От избы Бутузовых в сторону Лёшеньки по тропке в самом деле неслась, на ходу падала, снова поспешала целая вереница ребятишек — мал мала меньше. И все они — крепастенькие, шустрые, все они — в таких же не очень уклюжих, великоватых сапогах.
Они кричали:
— Мы тоже будем ручьи пропускать! Мы — тоже!
Лёшенька обрадовался пуще прежнего, закричал ответно:
— Будете!
Но, играя, спрятал лопаточку за собственную спину:
— Только скажите сначала, отчего у вас, у Бутузовых, у всех сапоги такие большие?
— А они большие не очень! К осени станут в самый раз! — ответил всё тот же, первый Бутузов. — Это не сапоги большие, а это мы сами всё ещё растём да растём. Но растём быстро, вот нам всё с запасом и покупают! А иначе, говорит мамка, не на-по-ку-па-ешь-ся… Лишь у наших Толи с Олей одёжка-обувка по мерочке. Да ведь они — школьники. А в школу ходить, говорит папка, хочешь не хочешь, а надо по всей форме… Верно?
— Верно. Вот только мне почему-то об этом никто никогда ни слова не говорил… Мне просто покупают каждый раз новые сапоги, и — порядок! — улыбается Лёшенька.
И тут же начисто забывает о сапогах. Да и в них ли дело? Главное дело в том, что окружала его теперь целая ватага дружественно настроенных Бутузовых, подошли даже одетые-обутые по мерочке Толя с Олей. А ещё прибежала, оставила стоять свою машинку швейную, Маня Лепёшкина, с крыльца Семёновых крикнул подросток Юрка:
— Эй вы, пацаны! Кончу перебирать в подвале картошку, прибегу, помогу вам… А потом вы поможете мне отвести ручей от крыльца от нашего!
— Поможем! — замахали малыши. — Только вот жаль: всем-то вместе копать нечем.

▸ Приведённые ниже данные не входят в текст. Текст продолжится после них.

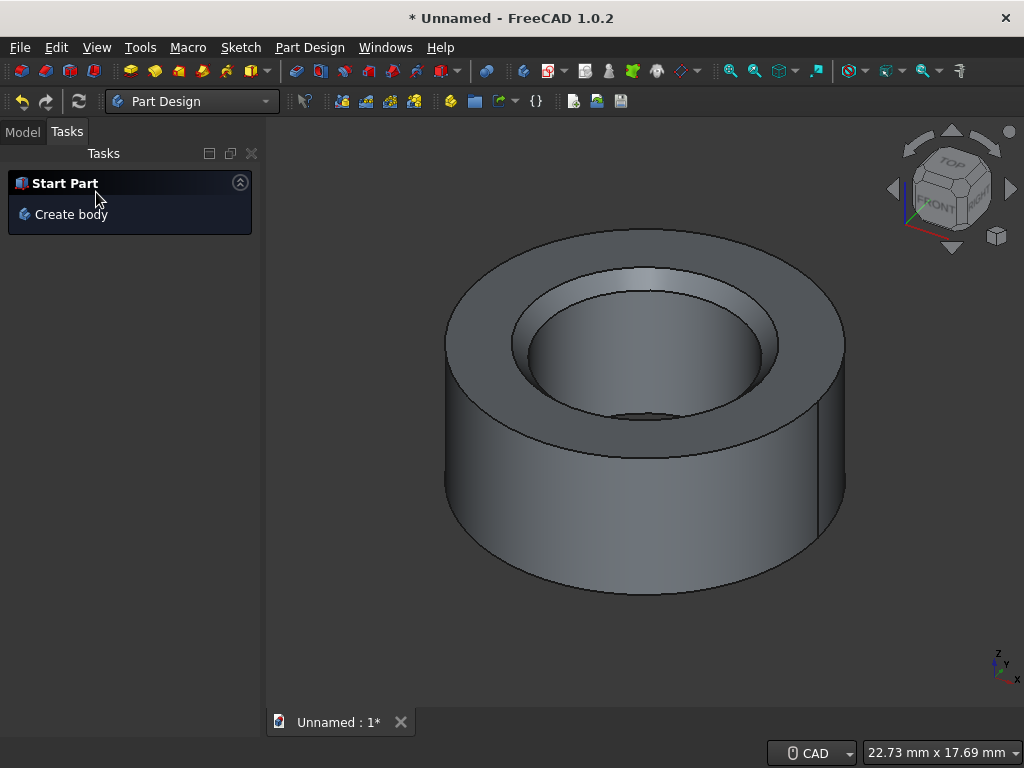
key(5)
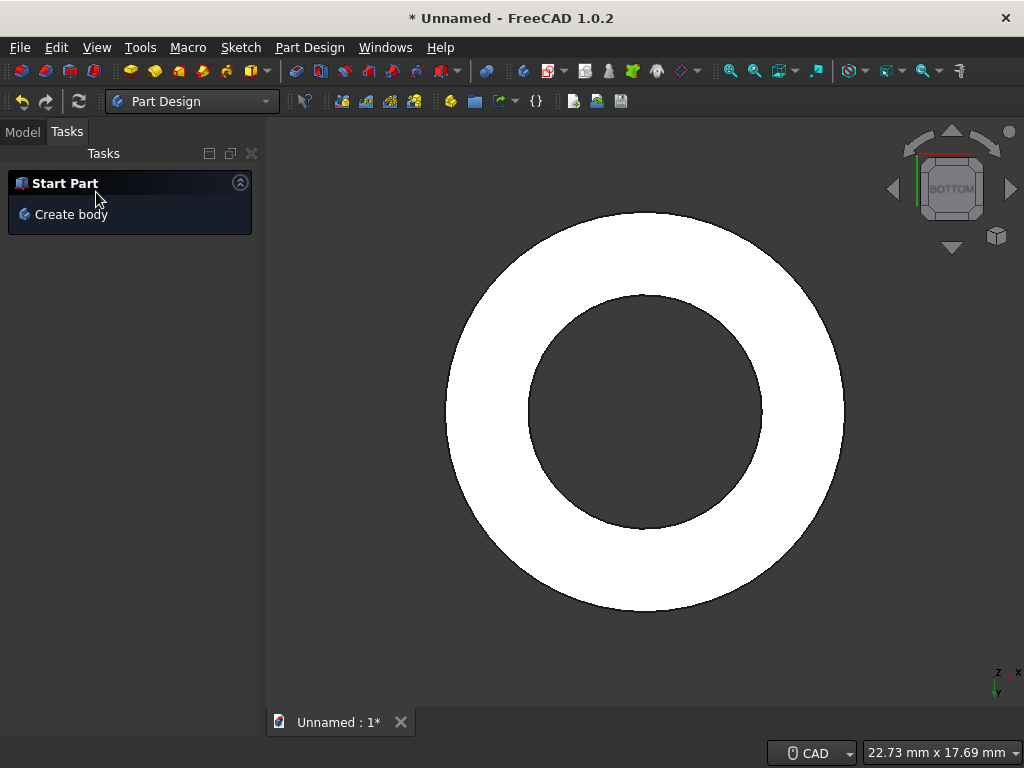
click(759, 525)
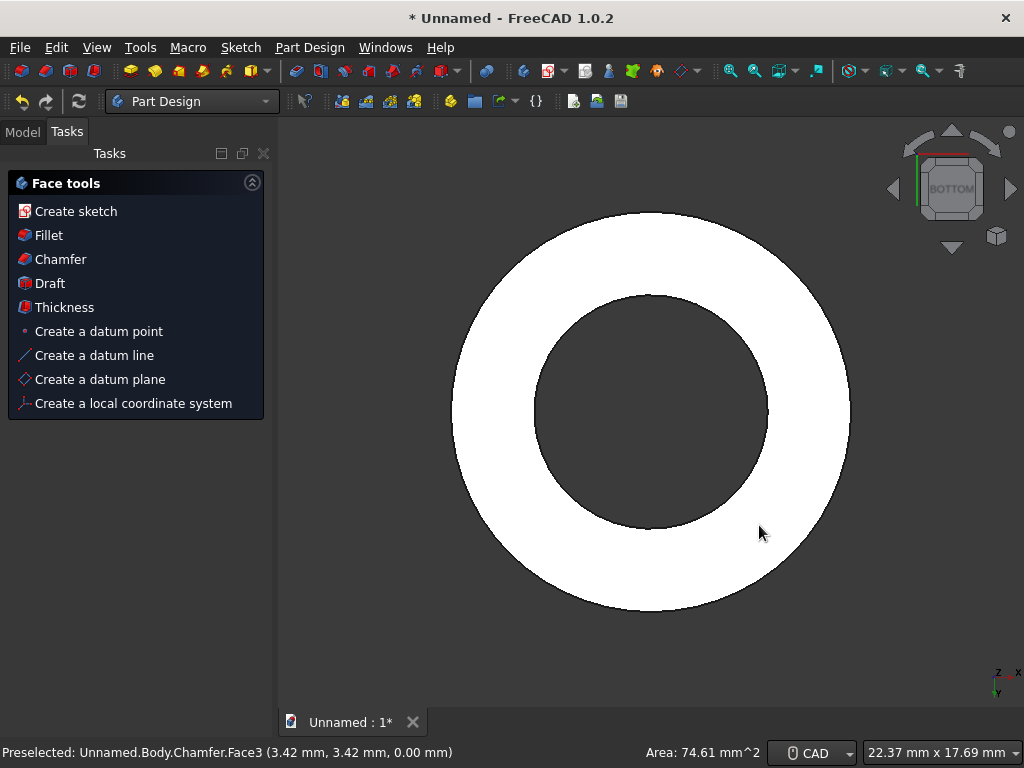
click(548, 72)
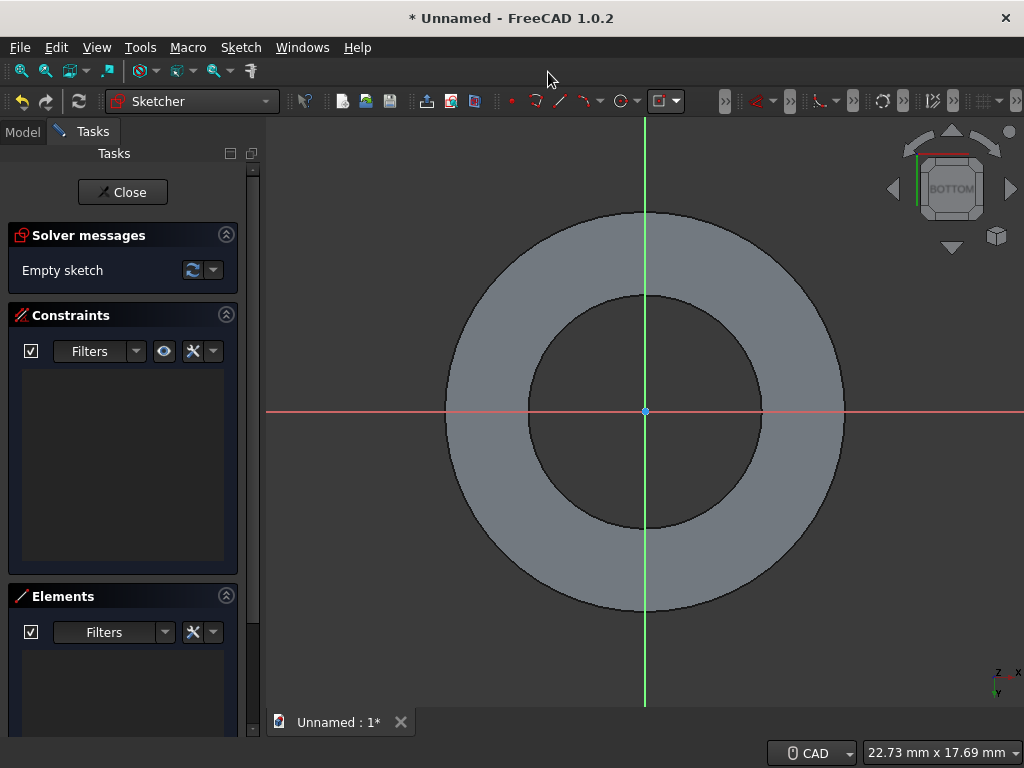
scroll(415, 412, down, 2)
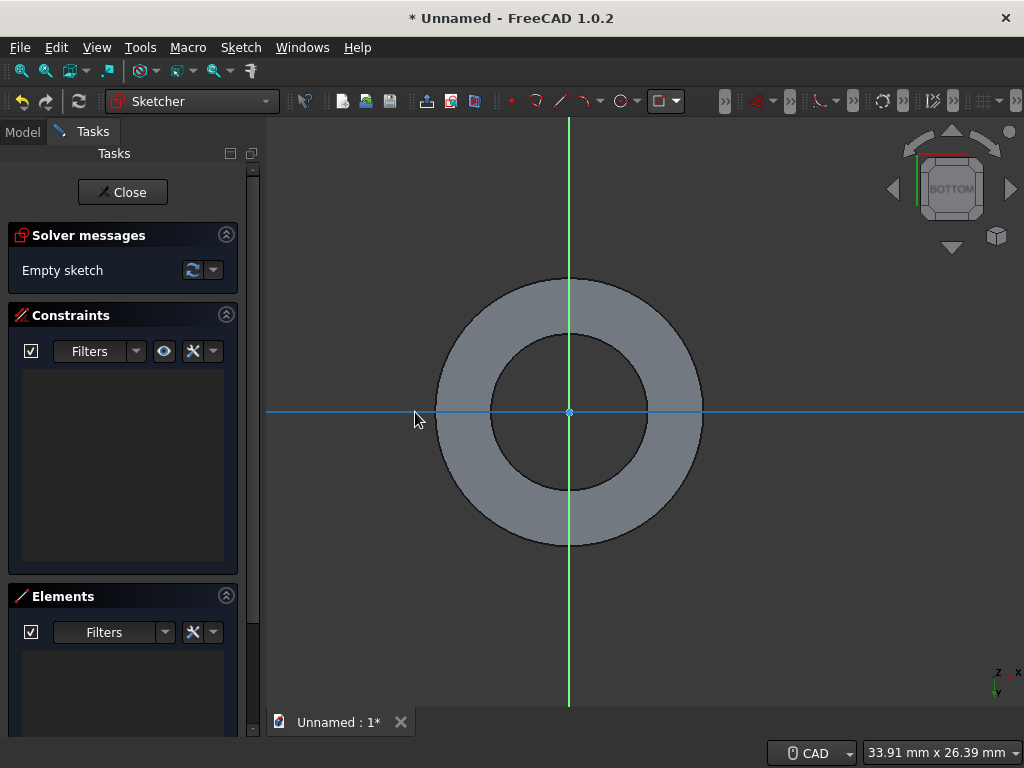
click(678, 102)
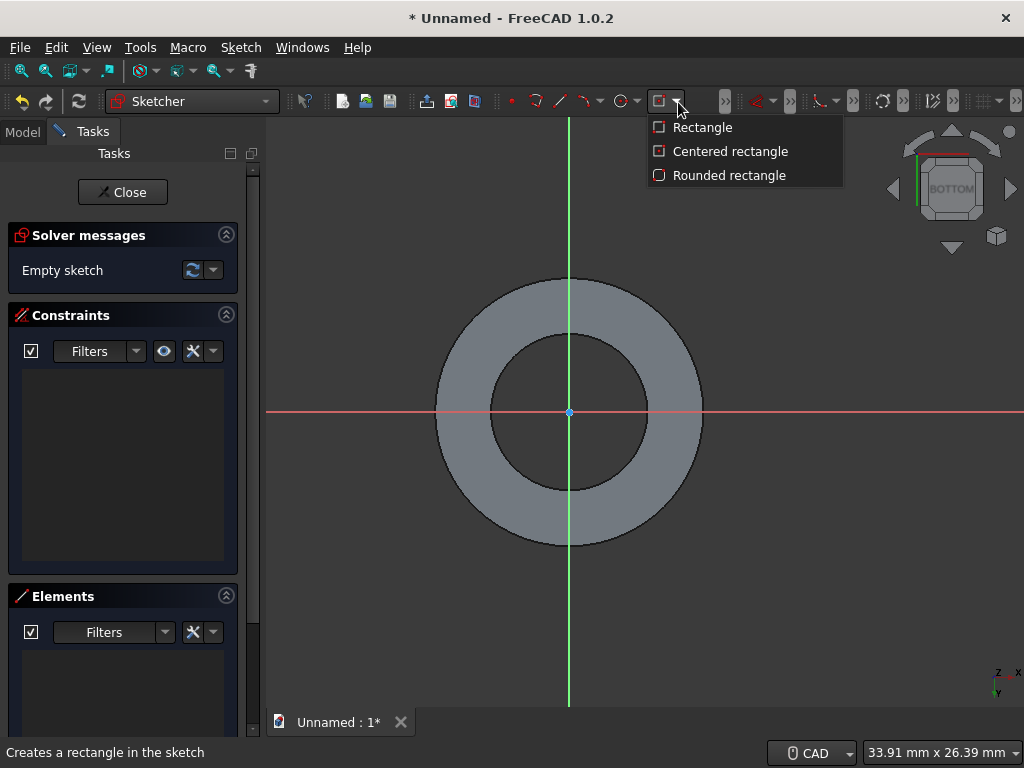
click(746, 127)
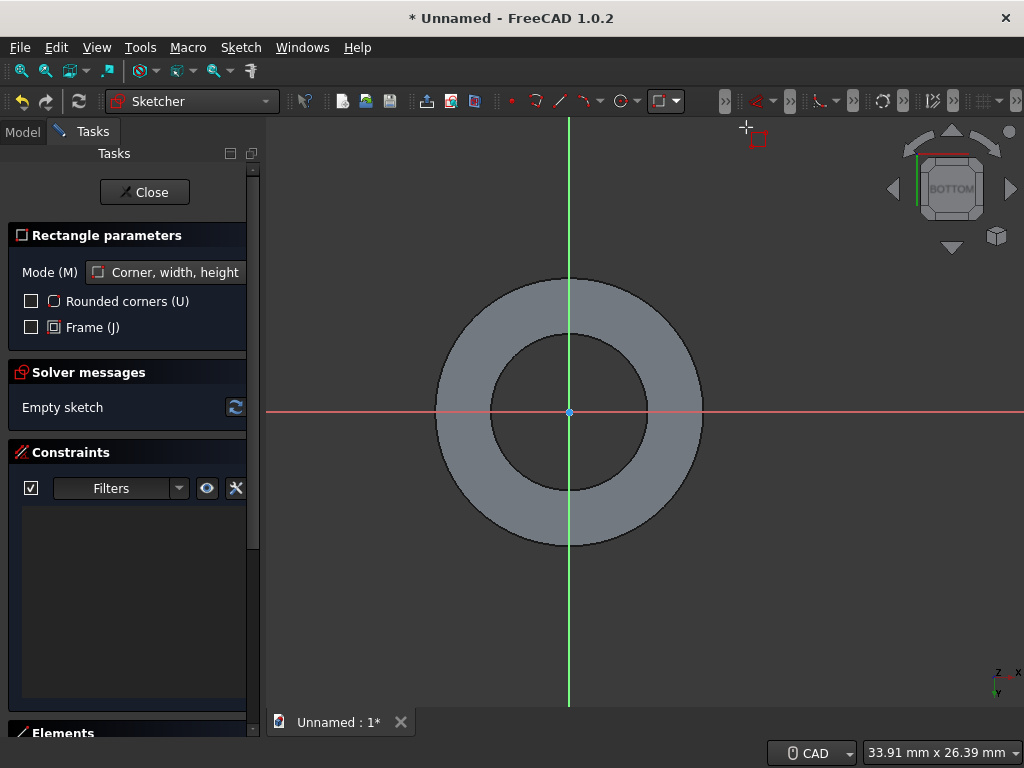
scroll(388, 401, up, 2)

— Как это нечем? — протестует Лёшенька и, долго не раздумывая, суёт лопатку тому Бутузову, что появился тут первым:
— Бери, копай с другими в очередь! А я — сейчас…
И Лёшенька припустил во всю прыть под знакомый навес.
А дедушка Фрол уже всё видит, стоит, ждёт, довольно посмеивается:
— Ну, как? Правда, на добрый почин полно добрых товарищей слетелось?
— Ох, слетелось… Пожалуйста, выручай снова!
— А я эту выручку приготовил давно… — И старик улыбается, да и тут же поднимает с верстака жёлтеньких, новеньких, пахнущих сосновой стружкой лопаток целую ношу: — Если дружная работа началась, то пускай теперь идёт без остановки!